Only about 1% of the network was running the Knots software in 2024 before the decision to remove the OP_Return function was announced.
Magazine: Bitcoin may face hard fork over any attempt to freeze Satoshi’s coins
Crypto World
XRP Price Prediction: Can XRP Price Ever Reach The $100 Dream ? While Pepeto Delivers the True 150x Entry
The xrp price prediction crowd has chased the $100 target for years. Goldman Sachs just revealed a $153.8 million position spread across four XRP ETFs, making it the largest institutional holder by a factor of six, according to 24/7 Wall St. The CLARITY Act faces its make-or-break Senate markup in late April, and if it passes, Standard Chartered projects $4 to $8 billion in fresh ETF inflows that could push XRP toward $3.50 to $6, according to Yahoo Finance.
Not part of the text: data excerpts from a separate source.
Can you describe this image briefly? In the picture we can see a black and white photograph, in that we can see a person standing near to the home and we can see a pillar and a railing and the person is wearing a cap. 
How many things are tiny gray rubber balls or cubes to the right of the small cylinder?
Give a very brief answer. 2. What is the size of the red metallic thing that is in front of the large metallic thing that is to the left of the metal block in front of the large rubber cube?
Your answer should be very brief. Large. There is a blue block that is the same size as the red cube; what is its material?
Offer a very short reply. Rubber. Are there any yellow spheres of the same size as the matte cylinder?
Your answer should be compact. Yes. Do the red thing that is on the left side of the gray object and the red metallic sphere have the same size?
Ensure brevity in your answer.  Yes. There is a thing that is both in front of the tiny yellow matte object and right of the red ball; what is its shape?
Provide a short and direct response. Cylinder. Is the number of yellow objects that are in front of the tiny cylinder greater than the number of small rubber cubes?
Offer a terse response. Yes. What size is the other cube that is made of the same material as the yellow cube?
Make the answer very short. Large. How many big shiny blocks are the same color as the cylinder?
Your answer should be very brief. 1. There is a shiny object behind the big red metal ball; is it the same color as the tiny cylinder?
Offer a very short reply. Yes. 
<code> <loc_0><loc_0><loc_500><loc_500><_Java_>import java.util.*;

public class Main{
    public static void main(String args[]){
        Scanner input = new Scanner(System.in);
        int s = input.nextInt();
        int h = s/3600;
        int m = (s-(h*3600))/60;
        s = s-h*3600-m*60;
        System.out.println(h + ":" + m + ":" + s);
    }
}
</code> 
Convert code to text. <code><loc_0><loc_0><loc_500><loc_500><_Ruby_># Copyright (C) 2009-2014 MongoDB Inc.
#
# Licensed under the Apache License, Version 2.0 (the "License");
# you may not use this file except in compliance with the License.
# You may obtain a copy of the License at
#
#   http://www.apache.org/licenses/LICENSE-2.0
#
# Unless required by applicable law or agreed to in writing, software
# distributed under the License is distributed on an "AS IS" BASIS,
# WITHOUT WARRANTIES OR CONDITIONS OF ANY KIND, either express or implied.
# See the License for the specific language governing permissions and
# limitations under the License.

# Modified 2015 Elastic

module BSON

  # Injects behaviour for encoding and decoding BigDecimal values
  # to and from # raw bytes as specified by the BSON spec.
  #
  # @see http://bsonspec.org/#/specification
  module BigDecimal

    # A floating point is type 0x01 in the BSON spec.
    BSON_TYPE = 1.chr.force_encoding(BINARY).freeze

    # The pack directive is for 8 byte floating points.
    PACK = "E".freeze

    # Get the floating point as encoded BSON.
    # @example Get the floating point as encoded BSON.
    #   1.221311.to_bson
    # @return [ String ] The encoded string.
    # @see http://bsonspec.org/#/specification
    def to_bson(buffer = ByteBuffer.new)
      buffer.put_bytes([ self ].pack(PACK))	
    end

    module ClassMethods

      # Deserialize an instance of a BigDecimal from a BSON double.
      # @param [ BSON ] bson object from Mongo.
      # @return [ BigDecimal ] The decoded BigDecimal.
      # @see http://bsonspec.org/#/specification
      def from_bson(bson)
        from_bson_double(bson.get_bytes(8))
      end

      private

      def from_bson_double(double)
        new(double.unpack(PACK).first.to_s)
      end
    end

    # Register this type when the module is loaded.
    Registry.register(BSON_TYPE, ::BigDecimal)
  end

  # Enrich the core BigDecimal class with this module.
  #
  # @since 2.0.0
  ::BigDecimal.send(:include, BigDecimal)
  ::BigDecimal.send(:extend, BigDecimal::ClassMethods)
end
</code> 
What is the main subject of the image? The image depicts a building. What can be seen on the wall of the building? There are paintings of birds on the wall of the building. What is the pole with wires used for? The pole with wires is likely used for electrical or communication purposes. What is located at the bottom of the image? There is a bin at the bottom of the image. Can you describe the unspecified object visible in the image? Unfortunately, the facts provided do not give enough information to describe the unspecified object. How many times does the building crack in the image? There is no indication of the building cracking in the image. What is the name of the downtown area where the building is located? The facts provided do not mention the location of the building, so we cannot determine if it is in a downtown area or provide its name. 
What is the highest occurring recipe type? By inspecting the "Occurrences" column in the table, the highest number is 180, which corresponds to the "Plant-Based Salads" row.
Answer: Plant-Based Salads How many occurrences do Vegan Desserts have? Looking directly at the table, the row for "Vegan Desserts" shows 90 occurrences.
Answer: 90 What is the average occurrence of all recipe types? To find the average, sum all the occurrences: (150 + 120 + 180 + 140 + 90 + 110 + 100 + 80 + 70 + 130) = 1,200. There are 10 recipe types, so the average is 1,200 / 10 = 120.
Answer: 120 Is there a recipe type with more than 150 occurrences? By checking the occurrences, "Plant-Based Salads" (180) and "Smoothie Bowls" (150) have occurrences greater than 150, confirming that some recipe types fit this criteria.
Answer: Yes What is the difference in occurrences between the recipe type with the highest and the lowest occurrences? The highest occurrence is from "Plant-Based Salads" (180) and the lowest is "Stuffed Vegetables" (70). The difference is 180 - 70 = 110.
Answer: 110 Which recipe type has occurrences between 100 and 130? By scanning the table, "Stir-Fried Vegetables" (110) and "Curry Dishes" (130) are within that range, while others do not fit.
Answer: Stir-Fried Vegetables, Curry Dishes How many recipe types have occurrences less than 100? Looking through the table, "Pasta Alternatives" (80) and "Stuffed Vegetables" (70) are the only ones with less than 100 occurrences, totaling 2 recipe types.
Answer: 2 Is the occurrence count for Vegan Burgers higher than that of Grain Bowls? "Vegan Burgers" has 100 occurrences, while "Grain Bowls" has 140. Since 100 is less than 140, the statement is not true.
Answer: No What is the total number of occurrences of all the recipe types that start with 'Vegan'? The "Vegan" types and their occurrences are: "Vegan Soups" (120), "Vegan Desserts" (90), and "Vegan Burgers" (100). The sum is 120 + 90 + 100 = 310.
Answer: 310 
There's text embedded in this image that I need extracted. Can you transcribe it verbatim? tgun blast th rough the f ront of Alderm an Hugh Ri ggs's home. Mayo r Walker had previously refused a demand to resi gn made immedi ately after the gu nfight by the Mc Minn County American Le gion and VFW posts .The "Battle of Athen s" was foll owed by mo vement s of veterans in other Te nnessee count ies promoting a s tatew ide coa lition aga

Yet XRP sits at $1.30, and reaching $100 still demands a $5.7 trillion market cap, larger than the entire crypto market combined. While XRP holders wait for a target that math alone cannot justify, one presale built by the team behind a $7 billion token is offering 150x at a price most investors have never seen this low. This piece breaks down the xrp price prediction reality and where the return math actually lives.
Goldman Sachs Loads XRP ETFs as CLARITY Act Approaches Binary Vote
24/7 Wall St reported that Goldman Sachs holds $153.8 million across Bitwise, Franklin Templeton, Grayscale, and 21Shares XRP ETFs, while CoinMarketCap confirmed $11.4 billion in XRP left Binance on April 2, tightening exchange supply to multi-month lows. The partnership validates XRP’s institutional case, but a validated use case and a profitable entry from $1.30 remain entirely different calculations.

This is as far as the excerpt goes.